▶ DATA PROVIDED
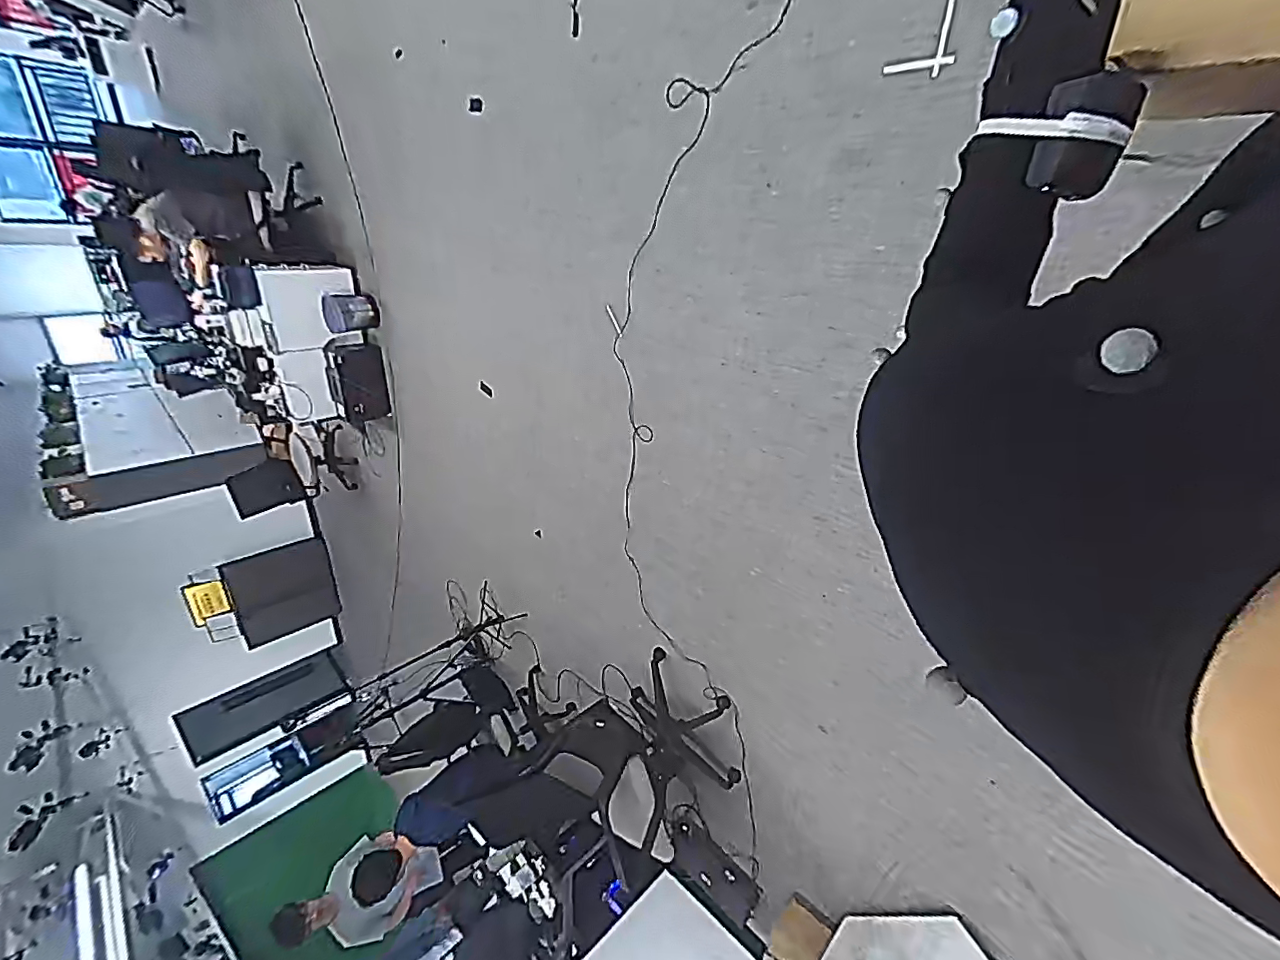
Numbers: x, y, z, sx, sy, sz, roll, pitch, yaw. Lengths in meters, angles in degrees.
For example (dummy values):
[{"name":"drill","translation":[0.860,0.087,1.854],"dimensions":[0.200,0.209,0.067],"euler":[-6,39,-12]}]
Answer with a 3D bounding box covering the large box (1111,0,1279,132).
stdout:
[{"name":"large box","translation":[0.551,-0.392,0.275],"dimensions":[0.408,0.320,0.320],"euler":[21,124,36]}]

▶ REQUIRED WORK
All of the data must be repeated exactly, except for the pictures.

▶ COMPLETED EXERCISE
Numbers: x, y, z, sx, sy, sz, roll, pitch, yaw. Lengths in meters, angles in degrees.
For example (dummy values):
[{"name":"drill","translation":[0.860,0.087,1.854],"dimensions":[0.200,0.209,0.067],"euler":[-6,39,-12]}]
Answer with a 3D bounding box covering the large box (1111,0,1279,132).
stdout:
[{"name":"large box","translation":[0.551,-0.392,0.275],"dimensions":[0.408,0.320,0.320],"euler":[21,124,36]}]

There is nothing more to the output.